The future is unknown, but in the meantime, for text marketers, you can keep your primary focus on the tried-and-true methods of SMS and MMS.


What Does “RCS Message” Mean?

“RCS message” means “Rich Communication Services.” It refers to Android’s relatively new texting service that offers some features unavailable using traditional SMS or MMS. (See sections “What Is an RCS Message?” and “What Are the Key Features of an RCS Message?” above.)

What Is RCS Message on Android?

“RCS message” means “Rich Communication Services” and is a messaging service available on Android devices. It allows you to take advantage of enhanced “rich” features as you message people. (See “What Does ‘RCS Message’ Mean?” above.)

It is not currently supported by Apple devices.

Do iPhones support RCS messaging?

iPhones do not currently support RCS messaging. However, there are plans to implement support in the near future - as early as fall of this year.

Instead of RCS, iPhones use Apple's messaging service iMessage, which offers similar functionality.

How to Turn Off RCS Messaging (Samsung, Android)?

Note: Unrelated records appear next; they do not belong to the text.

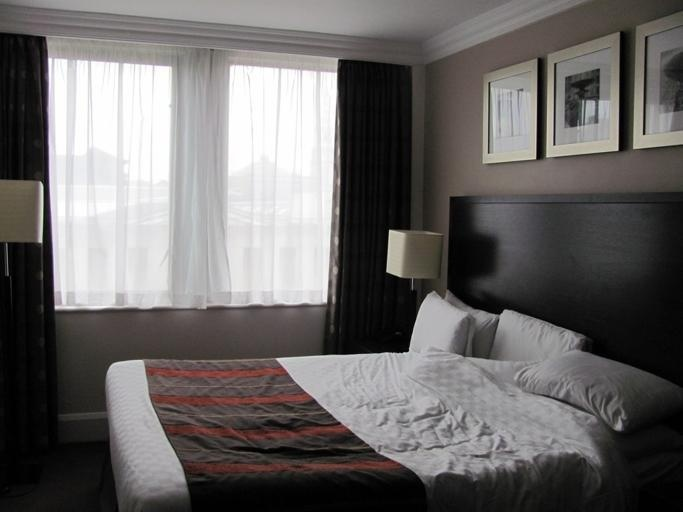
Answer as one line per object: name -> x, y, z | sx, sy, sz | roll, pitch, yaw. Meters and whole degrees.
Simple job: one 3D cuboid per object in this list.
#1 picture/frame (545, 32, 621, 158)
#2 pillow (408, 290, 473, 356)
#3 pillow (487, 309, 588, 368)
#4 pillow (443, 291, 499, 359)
picture/frame -> 1.583, -1.025, 3.455 | 0.075, 0.727, 0.610 | -2, 9, -23
pillow -> 0.774, 0.516, 4.026 | 0.141, 0.326, 0.478 | 6, -2, -15
pillow -> 1.266, 0.551, 3.496 | 0.145, 0.371, 0.344 | 35, -26, -30
pillow -> 1.023, 0.540, 3.849 | 0.096, 0.331, 0.315 | 24, -7, -36

If you want to disable RCS Messaging on your device, you can do the following:

  • Go to your Google Messages app
  • Select the icon or image in the top right corner
  • Select the “Message settings” option
  • Select the “RCS chats” option
  • From here you’ll be able to toggle RCS messaging on or off

How to Turn On RCS in Google Messages?

If you want to enable RCS Messaging on your device, you can do the following:

  • Go to your Google Messages app
  • Select the icon or image in the top right corner
  • Select the “Message settings” option
  • Select the “RCS chats” option
  • From here you’ll be able to toggle RCS messaging on or off

Is RCS Messaging Safe?

Since RCS messaging allows for end-to-end encryption, it is a safe way to send messages. You can send messages without much concern that your texts will be intercepted and read by unauthorized parties.